■ **PROBLEM DESCRIPTION**:
Going through the lines below, tally those that include "high", and give only the number.
━━━ DATA TO PROCESS
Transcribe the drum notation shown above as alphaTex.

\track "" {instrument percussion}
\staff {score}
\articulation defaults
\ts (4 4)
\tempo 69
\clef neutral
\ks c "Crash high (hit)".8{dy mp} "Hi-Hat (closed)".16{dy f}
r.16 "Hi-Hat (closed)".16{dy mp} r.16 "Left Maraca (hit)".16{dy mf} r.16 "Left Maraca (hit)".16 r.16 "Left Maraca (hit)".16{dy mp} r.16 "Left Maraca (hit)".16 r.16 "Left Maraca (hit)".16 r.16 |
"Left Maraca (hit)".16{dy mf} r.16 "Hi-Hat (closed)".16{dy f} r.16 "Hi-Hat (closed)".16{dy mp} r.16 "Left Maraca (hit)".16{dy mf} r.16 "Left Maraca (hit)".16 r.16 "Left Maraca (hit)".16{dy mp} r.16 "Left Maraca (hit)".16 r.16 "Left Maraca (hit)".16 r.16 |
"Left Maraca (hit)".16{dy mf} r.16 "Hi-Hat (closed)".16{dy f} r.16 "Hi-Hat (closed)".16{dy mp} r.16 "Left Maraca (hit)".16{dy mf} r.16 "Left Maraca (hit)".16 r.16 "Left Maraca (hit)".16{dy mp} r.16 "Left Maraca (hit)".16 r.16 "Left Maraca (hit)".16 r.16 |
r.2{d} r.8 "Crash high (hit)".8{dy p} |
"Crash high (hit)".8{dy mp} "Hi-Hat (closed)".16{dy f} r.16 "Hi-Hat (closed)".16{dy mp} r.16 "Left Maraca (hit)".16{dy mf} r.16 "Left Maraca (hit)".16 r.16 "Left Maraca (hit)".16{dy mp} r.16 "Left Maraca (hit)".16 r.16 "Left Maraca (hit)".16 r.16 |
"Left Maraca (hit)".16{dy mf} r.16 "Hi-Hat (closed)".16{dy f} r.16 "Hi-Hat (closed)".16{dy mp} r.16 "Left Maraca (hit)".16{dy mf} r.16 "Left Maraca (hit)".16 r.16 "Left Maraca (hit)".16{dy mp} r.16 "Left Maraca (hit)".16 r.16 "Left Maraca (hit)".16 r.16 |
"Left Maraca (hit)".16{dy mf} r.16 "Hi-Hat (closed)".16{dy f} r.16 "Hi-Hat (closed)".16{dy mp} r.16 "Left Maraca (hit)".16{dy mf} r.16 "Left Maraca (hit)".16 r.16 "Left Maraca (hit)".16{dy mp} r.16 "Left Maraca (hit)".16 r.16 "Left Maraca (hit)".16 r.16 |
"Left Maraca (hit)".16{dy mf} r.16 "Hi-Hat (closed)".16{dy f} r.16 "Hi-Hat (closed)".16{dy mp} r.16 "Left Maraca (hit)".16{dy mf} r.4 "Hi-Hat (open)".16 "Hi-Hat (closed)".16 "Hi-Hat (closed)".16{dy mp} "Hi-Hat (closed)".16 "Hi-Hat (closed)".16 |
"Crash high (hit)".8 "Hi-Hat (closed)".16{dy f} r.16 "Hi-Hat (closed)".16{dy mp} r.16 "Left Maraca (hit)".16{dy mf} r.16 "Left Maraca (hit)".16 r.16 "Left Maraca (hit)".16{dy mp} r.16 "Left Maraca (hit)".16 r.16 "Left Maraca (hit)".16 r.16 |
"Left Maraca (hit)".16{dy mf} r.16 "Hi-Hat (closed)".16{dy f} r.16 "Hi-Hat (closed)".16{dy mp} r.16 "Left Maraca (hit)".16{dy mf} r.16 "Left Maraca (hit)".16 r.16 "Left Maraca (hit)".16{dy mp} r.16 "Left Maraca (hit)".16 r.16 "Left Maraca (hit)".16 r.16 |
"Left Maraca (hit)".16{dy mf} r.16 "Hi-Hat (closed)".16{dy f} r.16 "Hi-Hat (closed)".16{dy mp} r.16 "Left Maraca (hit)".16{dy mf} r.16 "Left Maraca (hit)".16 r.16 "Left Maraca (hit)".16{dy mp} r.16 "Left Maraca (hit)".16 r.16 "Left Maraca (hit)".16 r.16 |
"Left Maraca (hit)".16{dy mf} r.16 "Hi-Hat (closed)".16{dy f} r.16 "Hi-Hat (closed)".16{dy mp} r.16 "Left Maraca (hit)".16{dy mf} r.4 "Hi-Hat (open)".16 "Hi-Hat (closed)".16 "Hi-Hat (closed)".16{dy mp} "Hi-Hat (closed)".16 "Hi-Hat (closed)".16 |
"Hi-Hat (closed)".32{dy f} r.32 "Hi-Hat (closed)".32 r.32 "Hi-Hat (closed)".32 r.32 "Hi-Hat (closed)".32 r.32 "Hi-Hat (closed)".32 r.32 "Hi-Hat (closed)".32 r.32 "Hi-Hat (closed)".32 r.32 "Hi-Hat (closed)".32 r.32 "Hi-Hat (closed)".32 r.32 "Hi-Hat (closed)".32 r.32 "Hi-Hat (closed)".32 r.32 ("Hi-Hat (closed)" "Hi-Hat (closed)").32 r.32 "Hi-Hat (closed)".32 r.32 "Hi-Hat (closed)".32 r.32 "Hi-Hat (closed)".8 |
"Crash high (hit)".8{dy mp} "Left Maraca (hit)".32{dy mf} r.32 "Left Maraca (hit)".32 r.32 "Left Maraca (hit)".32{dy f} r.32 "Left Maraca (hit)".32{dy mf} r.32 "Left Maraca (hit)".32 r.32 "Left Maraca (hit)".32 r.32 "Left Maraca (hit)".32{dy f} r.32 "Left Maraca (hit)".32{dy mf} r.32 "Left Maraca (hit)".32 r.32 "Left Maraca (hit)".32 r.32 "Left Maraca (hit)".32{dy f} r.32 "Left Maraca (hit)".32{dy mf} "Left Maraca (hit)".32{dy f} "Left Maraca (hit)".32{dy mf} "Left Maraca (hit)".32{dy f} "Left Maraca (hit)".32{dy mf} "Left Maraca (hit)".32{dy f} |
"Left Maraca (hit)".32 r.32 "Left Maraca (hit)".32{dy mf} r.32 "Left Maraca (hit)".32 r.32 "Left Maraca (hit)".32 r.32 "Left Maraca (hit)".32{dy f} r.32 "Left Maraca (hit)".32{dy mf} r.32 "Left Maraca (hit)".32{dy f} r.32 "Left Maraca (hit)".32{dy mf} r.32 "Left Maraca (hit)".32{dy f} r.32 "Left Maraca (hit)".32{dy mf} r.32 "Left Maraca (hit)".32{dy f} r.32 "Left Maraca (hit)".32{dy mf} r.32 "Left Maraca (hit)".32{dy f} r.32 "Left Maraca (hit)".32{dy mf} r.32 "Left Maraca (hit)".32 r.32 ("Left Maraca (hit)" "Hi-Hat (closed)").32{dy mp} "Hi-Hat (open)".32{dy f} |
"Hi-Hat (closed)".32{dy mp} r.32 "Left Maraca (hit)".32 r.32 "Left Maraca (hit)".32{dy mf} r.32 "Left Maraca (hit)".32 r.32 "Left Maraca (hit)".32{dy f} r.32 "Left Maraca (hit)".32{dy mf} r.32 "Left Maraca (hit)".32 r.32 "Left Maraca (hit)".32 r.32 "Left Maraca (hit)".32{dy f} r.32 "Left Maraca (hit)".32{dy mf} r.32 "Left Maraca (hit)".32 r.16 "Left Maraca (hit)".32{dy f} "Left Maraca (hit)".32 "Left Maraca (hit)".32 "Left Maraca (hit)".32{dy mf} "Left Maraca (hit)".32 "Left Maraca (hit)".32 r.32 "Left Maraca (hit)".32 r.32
━━━━━━
■ **FINISHED TASK**:
5